— Exercise objective —
Filter the entries below down to the lines that hold "letter".

Data excerpts
********

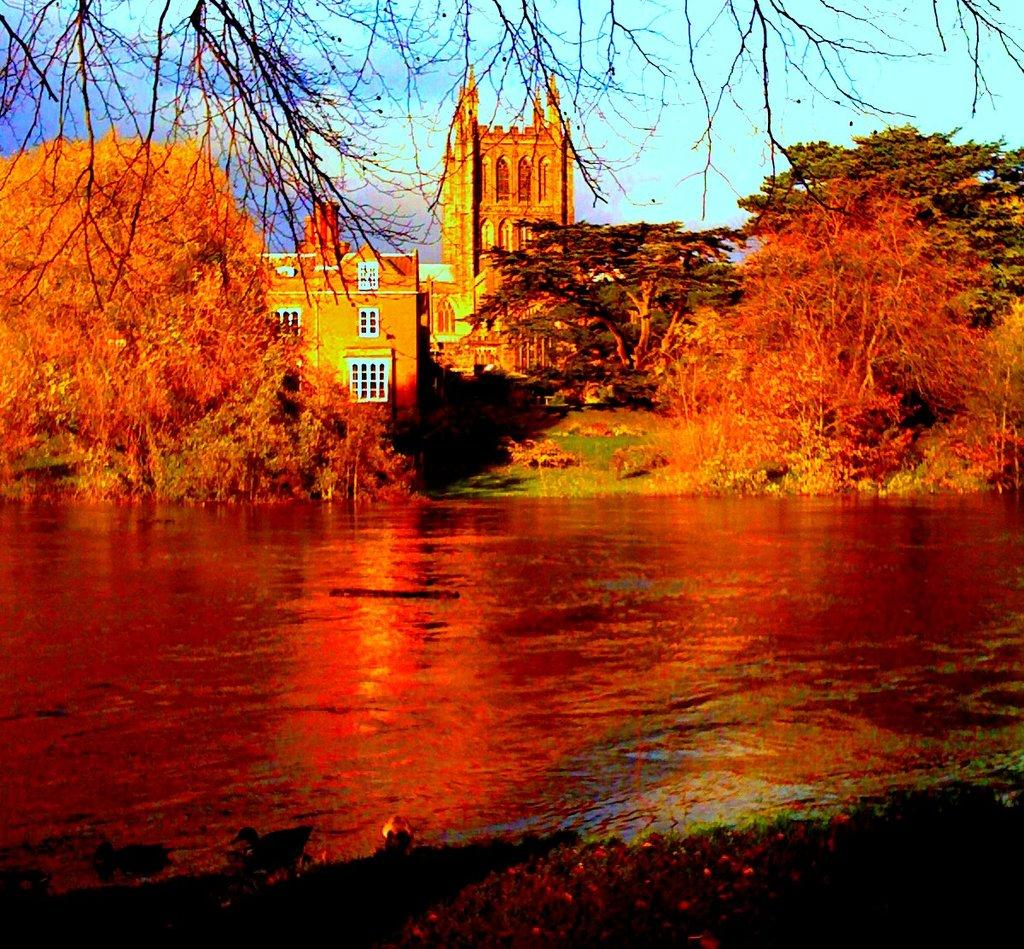What type of natural elements can be seen in the image? There are trees in the image. What type of man-made structures are present in the image? There are buildings in the image. What body of water is visible in the image? There is water visible in the image. What is visible in the background of the image? The sky is visible in the background of the image. How many buttons are visible on the trees in the image? There are no buttons present on the trees in the image. What type of ice can be seen melting in the water in the image? There is no ice present in the water in the image. 
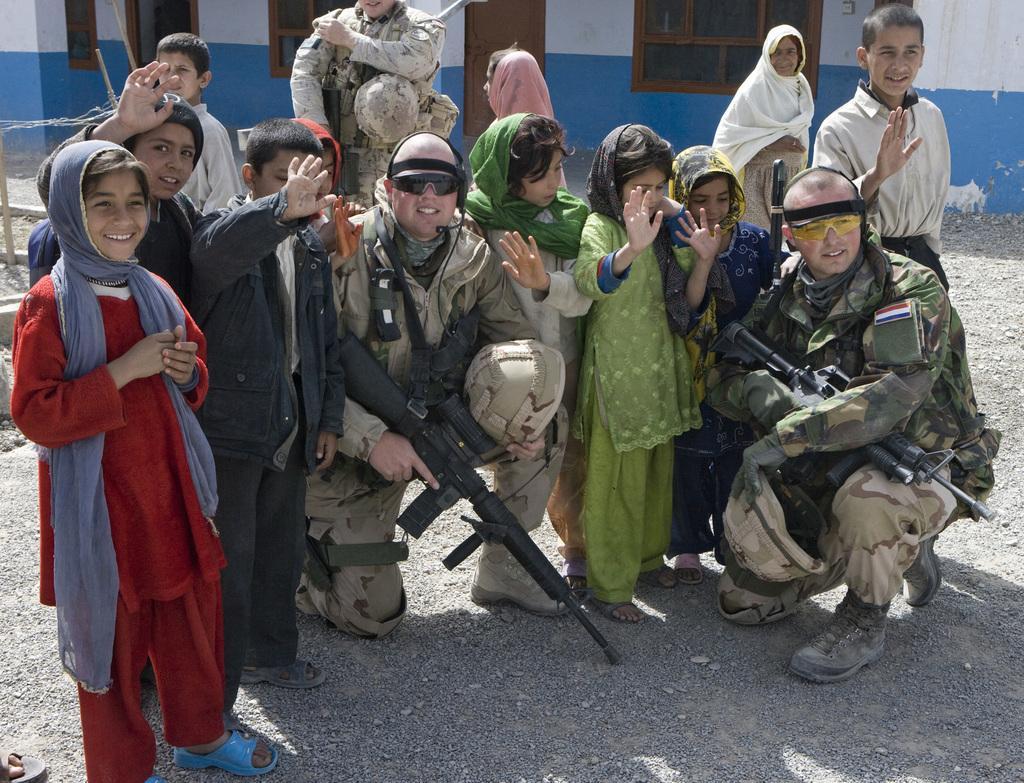Describe this image in one or two sentences. In the foreground of this image, there are people standing and squatting where three men are holding guns and carrying helmet. In the background, there are windows, door and the wall. 
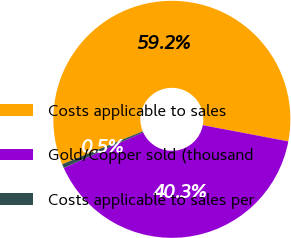Convert chart. <chart><loc_0><loc_0><loc_500><loc_500><pie_chart><fcel>Costs applicable to sales<fcel>Gold/Copper sold (thousand<fcel>Costs applicable to sales per<nl><fcel>59.17%<fcel>40.29%<fcel>0.53%<nl></chart> 
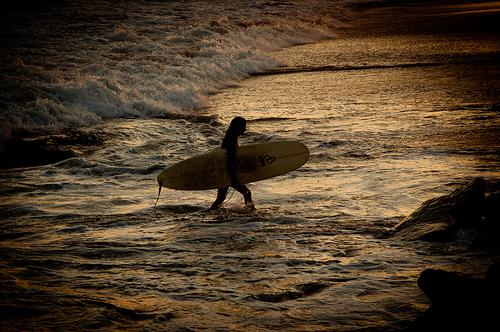Question: where is this photograph taken?
Choices:
A. At a school.
B. At the beach.
C. At the park.
D. At the store.
Answer with the letter. Answer: B Question: where is the person walking?
Choices:
A. In the street.
B. In the ocean.
C. On the sand.
D. On the grass.
Answer with the letter. Answer: B Question: when was this photo taken?
Choices:
A. Night.
B. Morning.
C. Afternoon.
D. Sunset.
Answer with the letter. Answer: D Question: what is the person carrying?
Choices:
A. A purse.
B. A backpack.
C. A surfboard.
D. A box.
Answer with the letter. Answer: C 
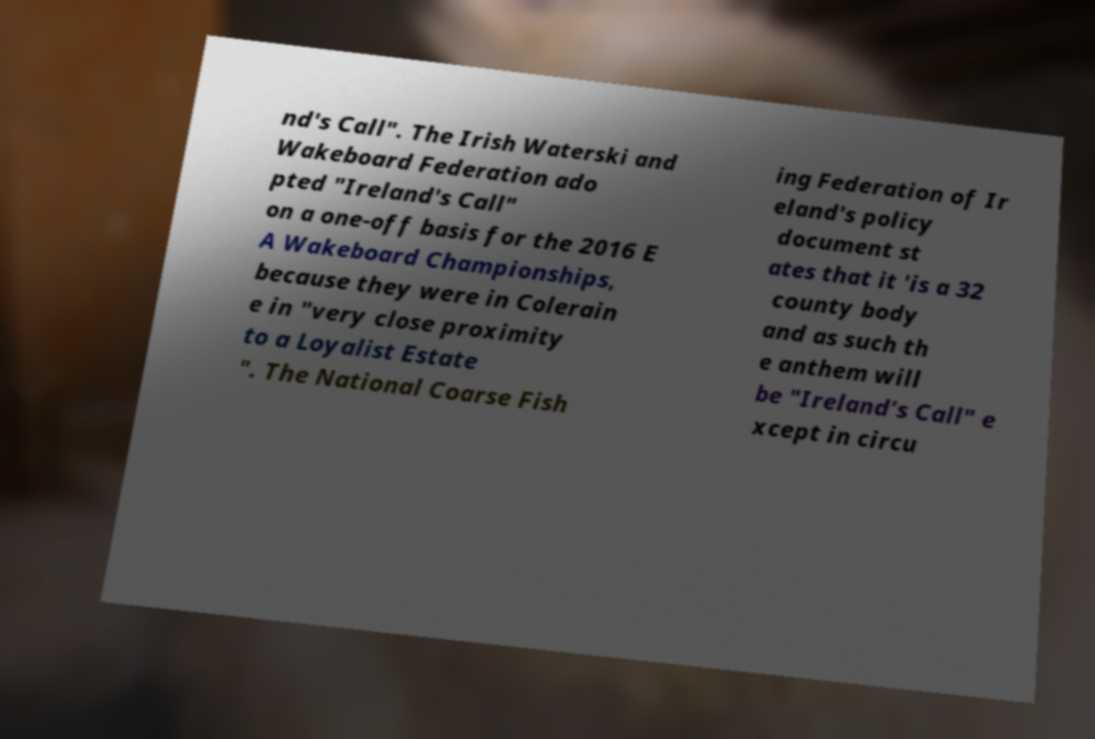Can you read and provide the text displayed in the image?This photo seems to have some interesting text. Can you extract and type it out for me? nd's Call". The Irish Waterski and Wakeboard Federation ado pted "Ireland's Call" on a one-off basis for the 2016 E A Wakeboard Championships, because they were in Colerain e in "very close proximity to a Loyalist Estate ". The National Coarse Fish ing Federation of Ir eland's policy document st ates that it 'is a 32 county body and as such th e anthem will be "Ireland’s Call" e xcept in circu

********

— Expected answer —
Answer with the letter. Answer: B Question: where is the person walking?
Answer with the letter. Answer: B Question: when was this photo taken?
Answer with the letter. Answer: D Question: what is the person carrying?
Answer with the letter. Answer: C 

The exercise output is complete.